THE launch yesterday of the latest National Drugs Strategy represents the first serious attempt by an Irish government to take illegal drug use away from the criminal justice system and treat it as a health issue. It is also the first time that alcohol has been included as part of the strategy.
That’s the good news. The not-so-good news is that it took a last-minute flurry of negotiations before the Government was able to persuade community groups to come on board with the strategy.
Those groups secured late concessions regarding effective implementation structures and actions to tackle alcohol abuse, intimidation, and youth disadvantage.
But the underlying issue remains one of credibility. How can a government that slashed funding for drug projects be trusted to put sufficient resources to operate the new strategy effectively?
Yesterday’s 106-page report contains more than 50 recommendations for dealing with both drug and alcohol use in
Ireland but it has yet to be costed and, as community groups have found in the past, well-meaning plans are all very well but they are next to useless unless the money is their to put them into practice.
Considering the social implications of drug abuse — alcohol included — it is worth noting practices elsewhere and to learn lessons from countries that got their strategies right and those that didn’t. The Netherlands got it wrong, while Portugal appears to have got it right.
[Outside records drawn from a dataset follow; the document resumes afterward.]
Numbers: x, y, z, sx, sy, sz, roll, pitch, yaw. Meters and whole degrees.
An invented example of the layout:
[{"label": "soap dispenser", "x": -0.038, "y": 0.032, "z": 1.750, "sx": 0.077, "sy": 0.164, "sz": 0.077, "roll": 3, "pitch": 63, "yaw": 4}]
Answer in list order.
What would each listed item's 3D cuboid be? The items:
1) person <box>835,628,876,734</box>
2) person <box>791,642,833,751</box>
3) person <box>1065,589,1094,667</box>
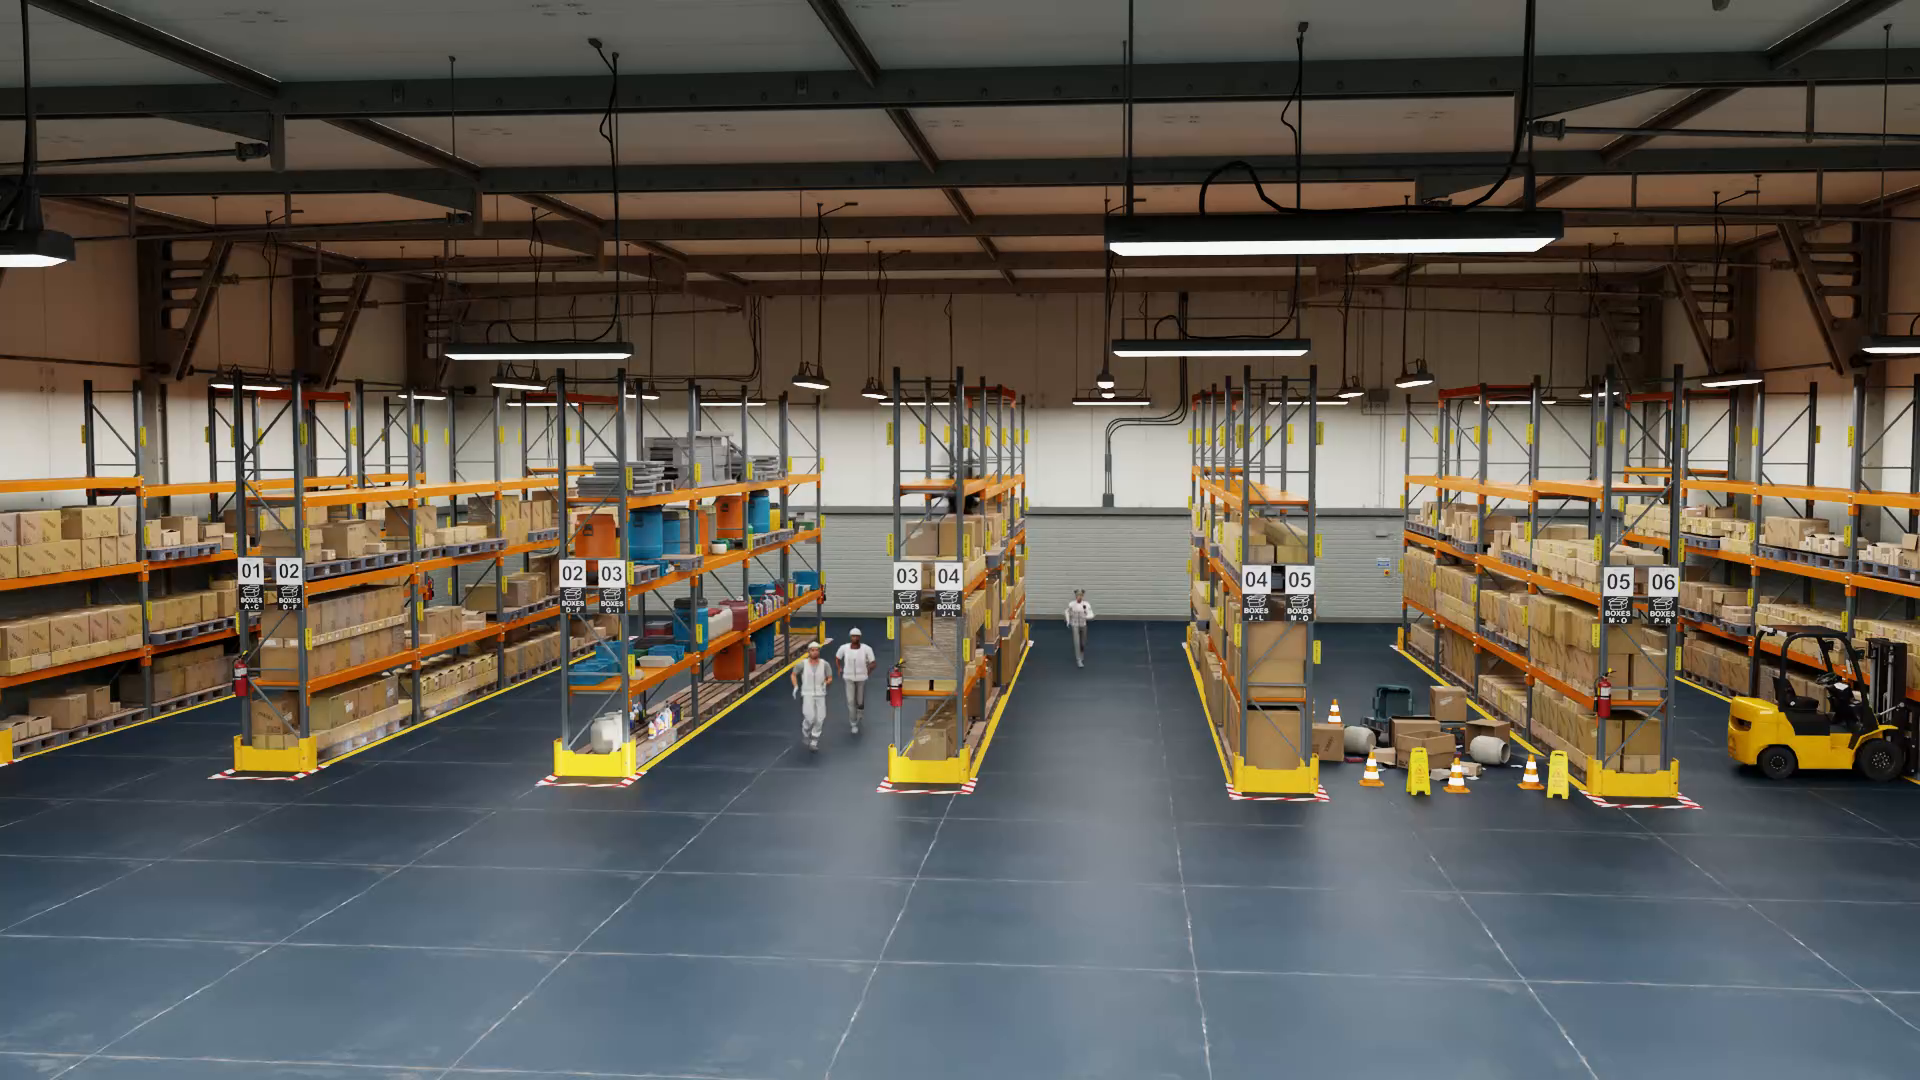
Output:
[{"label": "person", "x": -1.787, "y": 2.376, "z": 28.348, "sx": 0.700, "sy": 1.762, "sz": 0.881, "roll": 0, "pitch": 4, "yaw": -2}, {"label": "person", "x": -2.312, "y": 2.486, "z": 26.330, "sx": 0.646, "sy": 1.744, "sz": 0.598, "roll": -1, "pitch": 4, "yaw": -16}, {"label": "person", "x": 2.604, "y": 1.896, "z": 36.310, "sx": 0.614, "sy": 1.662, "sz": 0.879, "roll": 0, "pitch": 4, "yaw": -1}]

There is a misconception that it is perfectly legal for people to take drugs for personal use throughout the Netherlands. Despite the so-called ‘coffee shops’ in the capital Amsterdam, the Dutch have never actually legalised the cannabis trade. They simply do not enforce their criminal laws against the shops, provided they abide by certain strict rules.
Drug laws in Holland are as opaque as the marijuana
haze-filled coffee shops, and many of those are now closing as the Dutch authorities usher in a stricter regime.
Portugal was the first European country in 2001 to openly decriminalise the taking of small amounts of drugs for
personal use, replacing court fines or jail with the offer of therapy. Those found in possession of small amounts of drugs are sent to a panel consisting of a psychologist, social worker and legal adviser for appropriate treatment, which may be refused without criminal conviction or other form of punishment.
Unlike the Dutch model, the Portuguese approach was well thought out, deliberate, and costed. Surveys have shown that, since then, illegal drug use among teenagers in Portugal has declined and rates of new HIV infections caused by sharing of dirty needles dropped, while the number of people seeking treatment for drug addiction has more than doubled.
For social reasons as well as value-for-money reasons, the Government should look to the Portuguese experience. The fear of prison drives addicts into the criminal underworld and, as the Portuguese have shown for the past 16 years, it is far cheaper to treat drug users than to jail them.